Although six Duke affiliates are members of PJM, and the company trades with the PJM region, the company seems more likely to look to its southern neighbors, which like North Carolina, do not have retail choice or organized wholesale markets.  In its compliance filing, Duke said it could join only the Southeastern Regional Transmission Planning Process (SERTP) or the South Carolina Regional Transmission Planning Process (SCRTP).

Still, Duke and PJM have increased their collaboration over the last several years. PJM and Duke Energy Carolinas have operated under a reliability coordination agreement and a locational interface pricing agreement since 2007. On January 1, 2012, the Duke Energy Ohio/Kentucky region joined the PJM footprint. Independent Market Monitor Joseph Bowring said last fall that PJM should terminate and perhaps renegotiate the 2005 Joint Operating Agreement it signed with Progress Energy Carolinas because the way the Progress generation fleet is dispatched has changed as a result of the Duke-Progress merger.

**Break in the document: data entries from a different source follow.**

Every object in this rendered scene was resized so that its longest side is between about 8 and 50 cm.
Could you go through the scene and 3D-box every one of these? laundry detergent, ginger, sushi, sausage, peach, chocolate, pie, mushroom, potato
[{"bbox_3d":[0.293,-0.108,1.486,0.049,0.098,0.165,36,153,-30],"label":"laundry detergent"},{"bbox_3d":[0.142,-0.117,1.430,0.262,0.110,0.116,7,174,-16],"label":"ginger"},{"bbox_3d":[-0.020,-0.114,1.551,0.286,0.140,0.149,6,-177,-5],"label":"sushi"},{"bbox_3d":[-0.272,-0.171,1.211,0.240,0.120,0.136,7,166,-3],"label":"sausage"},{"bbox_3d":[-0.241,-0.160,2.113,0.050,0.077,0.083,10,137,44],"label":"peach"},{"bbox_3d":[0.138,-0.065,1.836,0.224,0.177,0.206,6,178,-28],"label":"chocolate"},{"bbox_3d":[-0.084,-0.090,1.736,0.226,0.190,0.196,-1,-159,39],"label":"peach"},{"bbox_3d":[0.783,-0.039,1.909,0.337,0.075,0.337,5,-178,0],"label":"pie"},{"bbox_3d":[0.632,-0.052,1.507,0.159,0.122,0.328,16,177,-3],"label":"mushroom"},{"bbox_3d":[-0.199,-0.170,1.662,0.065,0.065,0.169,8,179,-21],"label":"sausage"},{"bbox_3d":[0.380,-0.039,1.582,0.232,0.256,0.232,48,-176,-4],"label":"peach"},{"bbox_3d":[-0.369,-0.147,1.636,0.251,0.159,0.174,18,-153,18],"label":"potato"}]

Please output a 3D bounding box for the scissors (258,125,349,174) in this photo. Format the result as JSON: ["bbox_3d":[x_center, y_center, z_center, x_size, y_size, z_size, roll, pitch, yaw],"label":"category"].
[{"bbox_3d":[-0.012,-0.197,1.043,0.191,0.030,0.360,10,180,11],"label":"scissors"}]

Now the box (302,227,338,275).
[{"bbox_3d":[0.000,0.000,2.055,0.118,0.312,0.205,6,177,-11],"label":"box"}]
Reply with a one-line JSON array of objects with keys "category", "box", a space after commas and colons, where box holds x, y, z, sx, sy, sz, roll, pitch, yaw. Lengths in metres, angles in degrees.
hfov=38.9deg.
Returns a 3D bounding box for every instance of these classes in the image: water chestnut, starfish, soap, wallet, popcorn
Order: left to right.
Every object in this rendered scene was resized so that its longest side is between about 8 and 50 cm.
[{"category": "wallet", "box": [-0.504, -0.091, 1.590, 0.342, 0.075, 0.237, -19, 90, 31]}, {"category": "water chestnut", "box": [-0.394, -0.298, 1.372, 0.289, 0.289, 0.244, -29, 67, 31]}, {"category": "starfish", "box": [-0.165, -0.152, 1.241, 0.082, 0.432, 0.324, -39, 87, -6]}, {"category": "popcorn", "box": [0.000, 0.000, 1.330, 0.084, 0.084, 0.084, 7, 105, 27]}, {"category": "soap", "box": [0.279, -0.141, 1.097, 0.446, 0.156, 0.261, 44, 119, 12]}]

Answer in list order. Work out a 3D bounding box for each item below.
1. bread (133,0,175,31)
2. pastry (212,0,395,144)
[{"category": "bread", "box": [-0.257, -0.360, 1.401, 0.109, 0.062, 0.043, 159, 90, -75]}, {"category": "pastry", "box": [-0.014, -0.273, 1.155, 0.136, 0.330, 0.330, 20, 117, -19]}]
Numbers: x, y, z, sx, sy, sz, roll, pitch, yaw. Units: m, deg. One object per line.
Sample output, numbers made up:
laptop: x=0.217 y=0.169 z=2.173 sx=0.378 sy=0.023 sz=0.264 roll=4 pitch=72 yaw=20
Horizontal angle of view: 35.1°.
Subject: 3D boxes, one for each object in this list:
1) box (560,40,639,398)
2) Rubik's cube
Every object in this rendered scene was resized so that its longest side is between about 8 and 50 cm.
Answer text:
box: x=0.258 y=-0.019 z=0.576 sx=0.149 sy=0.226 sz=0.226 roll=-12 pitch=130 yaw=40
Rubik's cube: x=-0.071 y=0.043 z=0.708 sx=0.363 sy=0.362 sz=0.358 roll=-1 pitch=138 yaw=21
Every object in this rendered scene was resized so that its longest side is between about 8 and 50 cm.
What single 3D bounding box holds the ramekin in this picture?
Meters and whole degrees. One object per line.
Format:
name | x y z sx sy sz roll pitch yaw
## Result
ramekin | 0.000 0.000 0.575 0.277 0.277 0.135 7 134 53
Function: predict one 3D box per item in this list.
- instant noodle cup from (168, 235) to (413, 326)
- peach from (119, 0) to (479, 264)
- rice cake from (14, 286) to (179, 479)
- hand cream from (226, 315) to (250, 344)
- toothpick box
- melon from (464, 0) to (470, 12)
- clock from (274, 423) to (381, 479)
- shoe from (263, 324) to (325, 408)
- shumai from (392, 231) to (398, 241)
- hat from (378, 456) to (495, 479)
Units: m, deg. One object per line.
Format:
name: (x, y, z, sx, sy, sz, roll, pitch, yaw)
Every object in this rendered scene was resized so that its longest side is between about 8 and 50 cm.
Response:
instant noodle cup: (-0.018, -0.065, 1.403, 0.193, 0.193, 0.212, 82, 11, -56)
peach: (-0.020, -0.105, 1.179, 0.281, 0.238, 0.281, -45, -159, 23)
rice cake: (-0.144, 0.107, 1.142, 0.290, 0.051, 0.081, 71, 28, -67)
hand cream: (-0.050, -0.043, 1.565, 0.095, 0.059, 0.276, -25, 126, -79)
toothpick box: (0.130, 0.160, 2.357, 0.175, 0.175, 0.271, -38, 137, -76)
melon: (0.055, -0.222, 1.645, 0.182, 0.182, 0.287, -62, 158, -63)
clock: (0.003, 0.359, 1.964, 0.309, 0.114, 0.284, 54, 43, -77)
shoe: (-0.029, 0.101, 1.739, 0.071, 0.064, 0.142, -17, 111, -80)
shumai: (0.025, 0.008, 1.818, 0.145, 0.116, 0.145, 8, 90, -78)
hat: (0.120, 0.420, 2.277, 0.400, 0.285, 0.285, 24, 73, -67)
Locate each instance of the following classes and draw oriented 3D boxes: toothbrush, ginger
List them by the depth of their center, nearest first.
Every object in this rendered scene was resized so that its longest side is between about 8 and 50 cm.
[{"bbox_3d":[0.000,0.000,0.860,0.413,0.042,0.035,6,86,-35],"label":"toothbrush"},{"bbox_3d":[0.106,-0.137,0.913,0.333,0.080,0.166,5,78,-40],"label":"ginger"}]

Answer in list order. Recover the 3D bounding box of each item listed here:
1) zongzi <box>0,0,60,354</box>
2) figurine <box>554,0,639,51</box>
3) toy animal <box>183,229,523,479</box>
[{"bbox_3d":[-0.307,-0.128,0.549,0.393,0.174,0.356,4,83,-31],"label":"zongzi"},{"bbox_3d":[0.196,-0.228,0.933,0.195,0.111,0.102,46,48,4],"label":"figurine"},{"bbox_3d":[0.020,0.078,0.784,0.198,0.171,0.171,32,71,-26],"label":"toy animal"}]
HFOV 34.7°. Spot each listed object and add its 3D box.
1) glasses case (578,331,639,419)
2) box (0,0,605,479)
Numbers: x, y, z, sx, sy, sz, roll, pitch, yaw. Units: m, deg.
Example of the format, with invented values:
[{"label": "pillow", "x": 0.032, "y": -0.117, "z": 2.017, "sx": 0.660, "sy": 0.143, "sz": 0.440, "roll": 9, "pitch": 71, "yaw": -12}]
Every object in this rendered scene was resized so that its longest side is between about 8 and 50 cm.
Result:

The Duke order, and a second ruling exempting Maine Public Service Company (ER13-85-000) from the regional planning requirements, were the commission’s first decisions on compliance filings resulting from Order 1000, which seeks to spur new transmission and open competition to independent transmission developers. The commission waived the planning requirements for the small Maine utility because it is connected to the U.S. electric grid only indirectly through Canada.